→ Activity
From the line containing "Instruction: Find the" to the last line of the data, both included, transcribe each line exactly, leaving out pictures and adding nothing.

→ Given records
-*-
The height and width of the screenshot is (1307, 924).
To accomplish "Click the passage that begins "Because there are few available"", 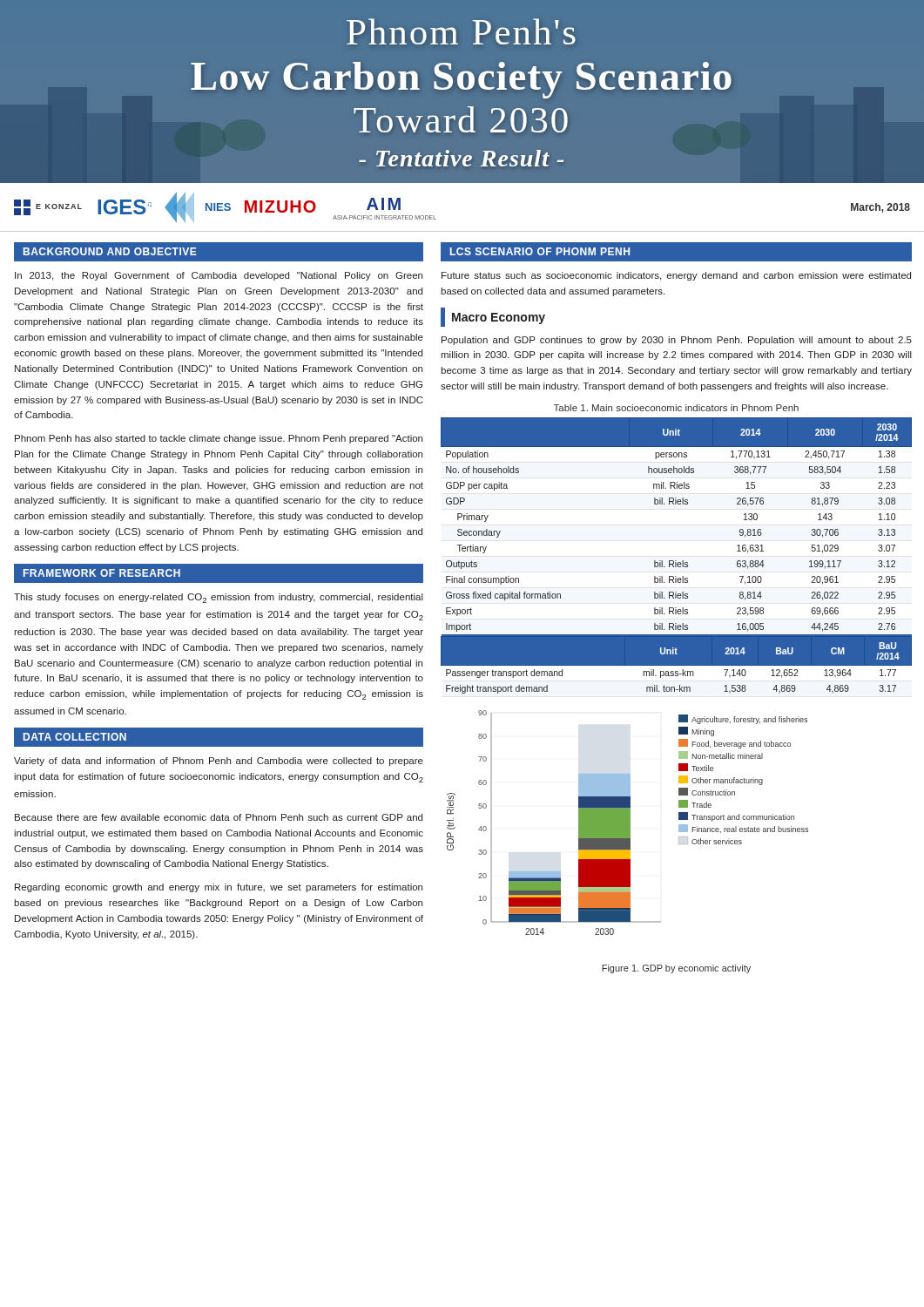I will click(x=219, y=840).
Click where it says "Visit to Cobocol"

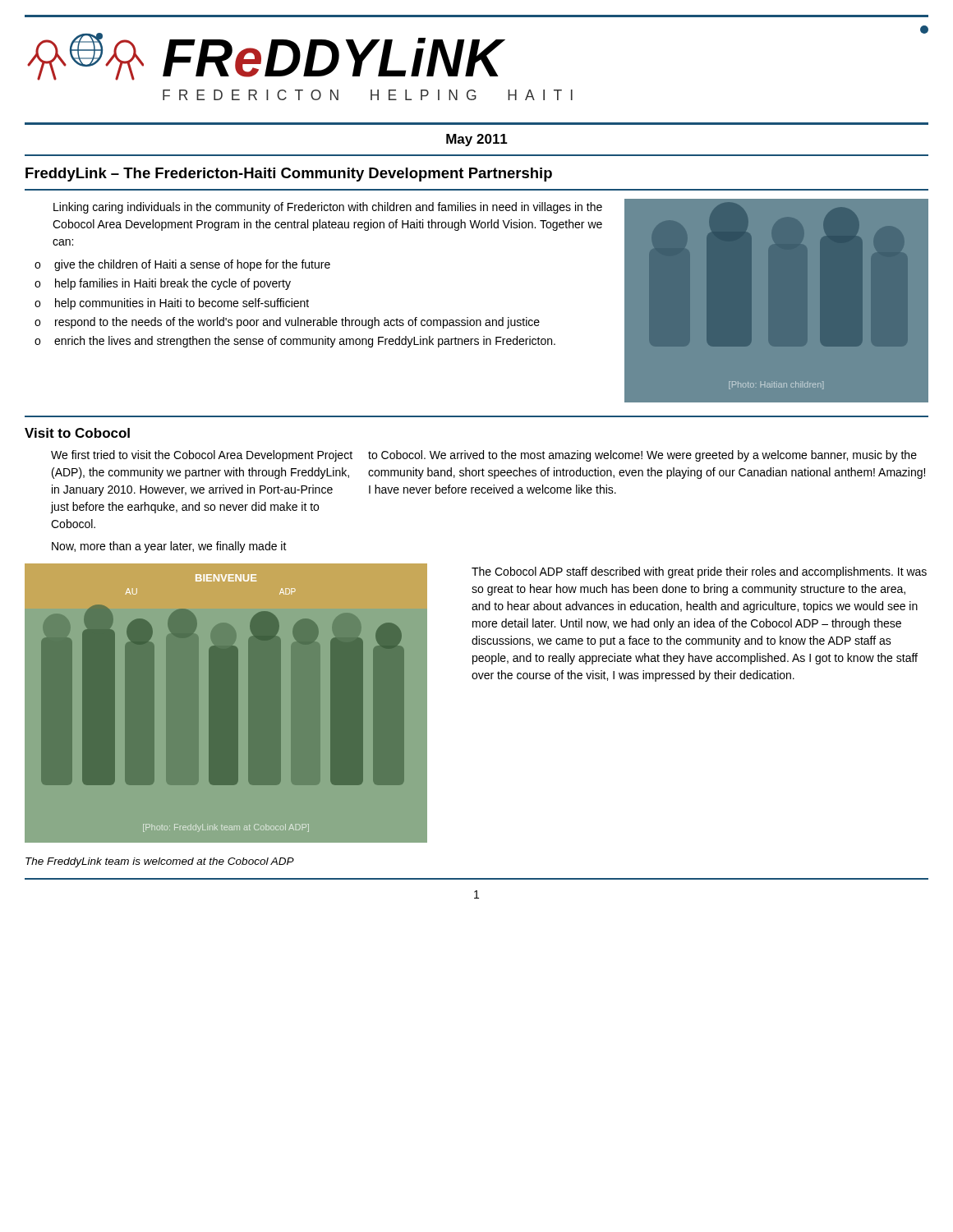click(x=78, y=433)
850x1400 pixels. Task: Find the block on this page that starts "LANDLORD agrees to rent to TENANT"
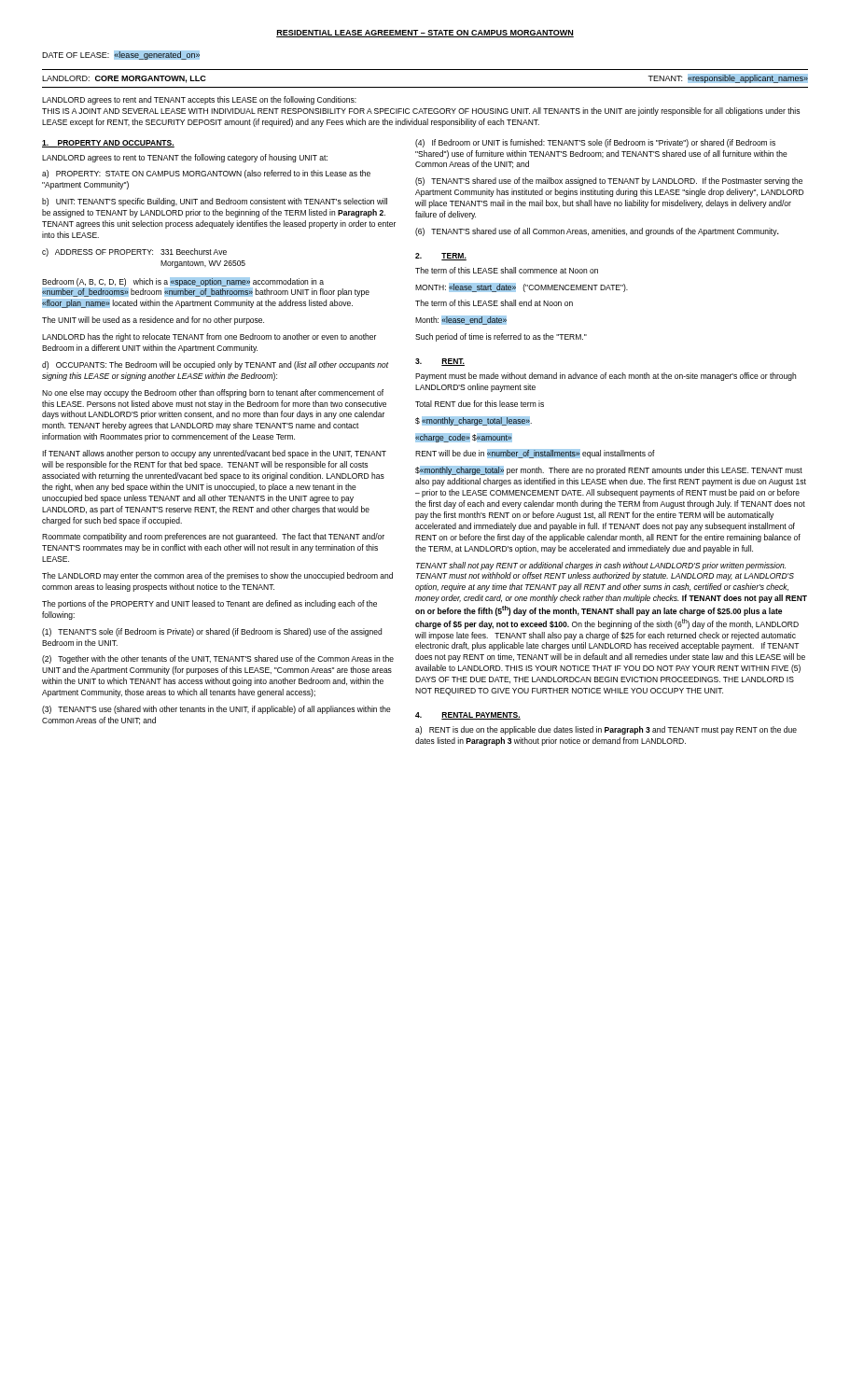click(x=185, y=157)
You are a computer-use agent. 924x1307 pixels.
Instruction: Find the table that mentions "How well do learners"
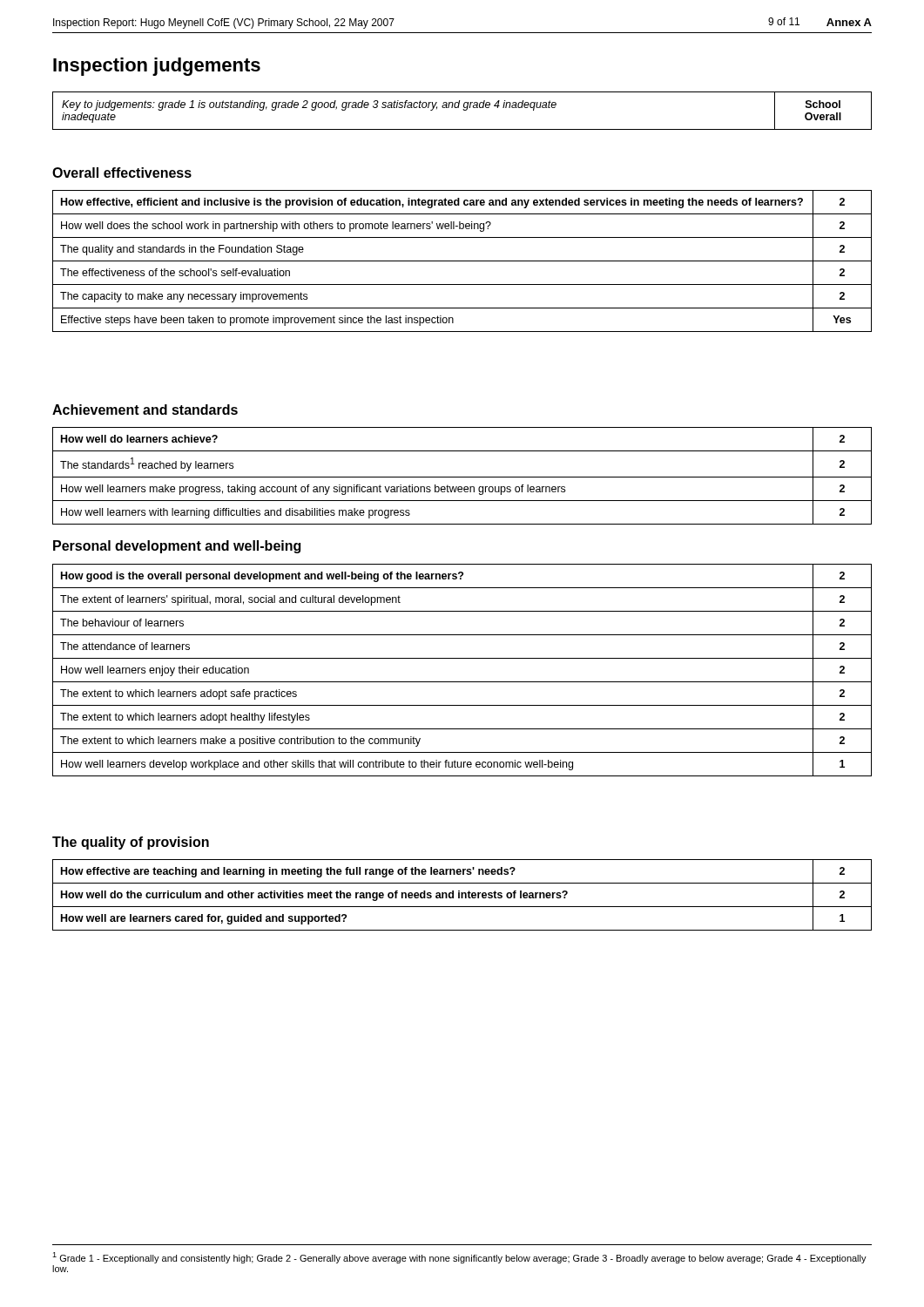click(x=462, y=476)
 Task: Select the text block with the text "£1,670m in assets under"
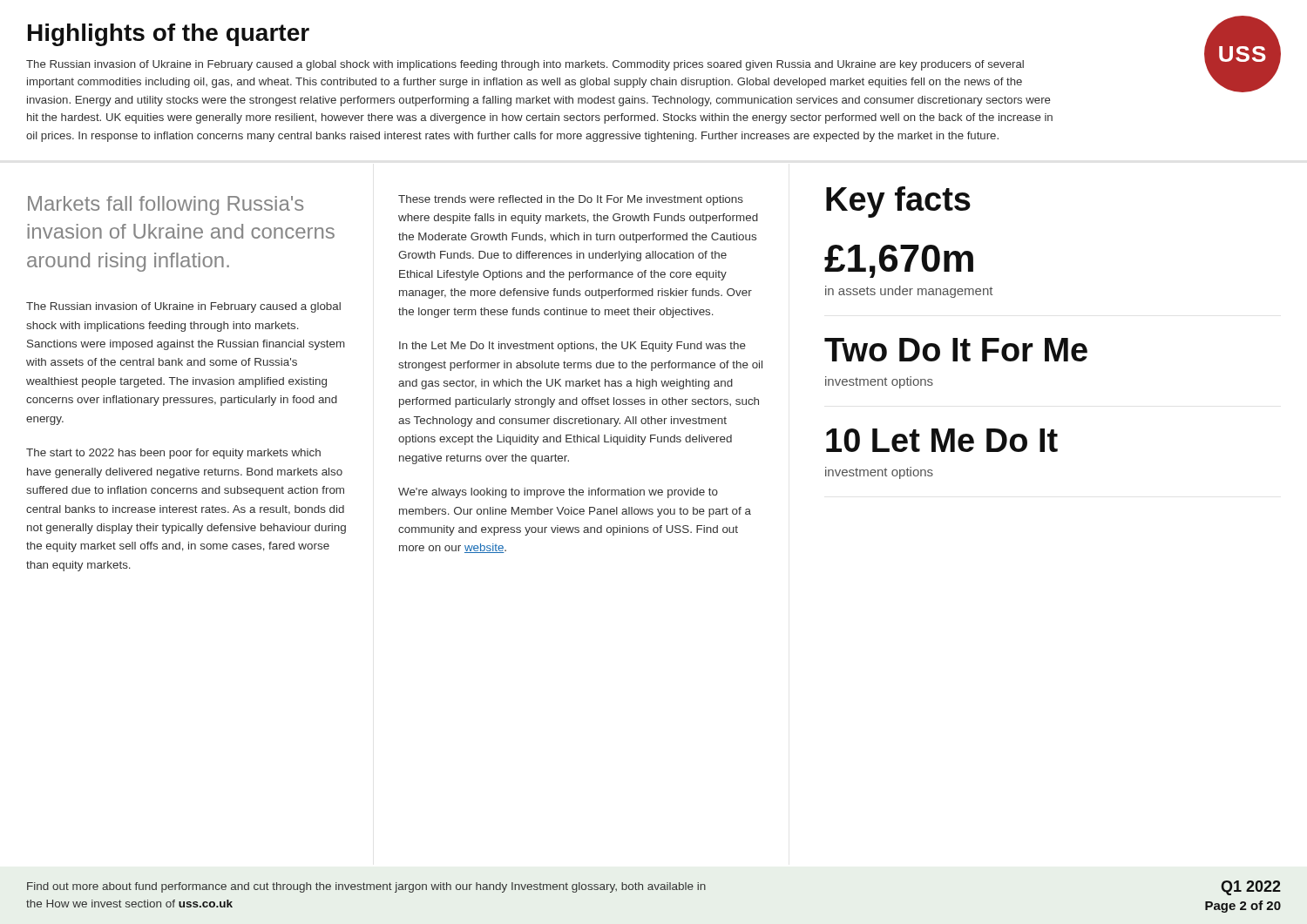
-*-
→ Finished exercise
Instruction: Find the table that mentions "How well do learners"
click(x=462, y=476)
 Task: Select the text block with the text "£1,670m in assets under"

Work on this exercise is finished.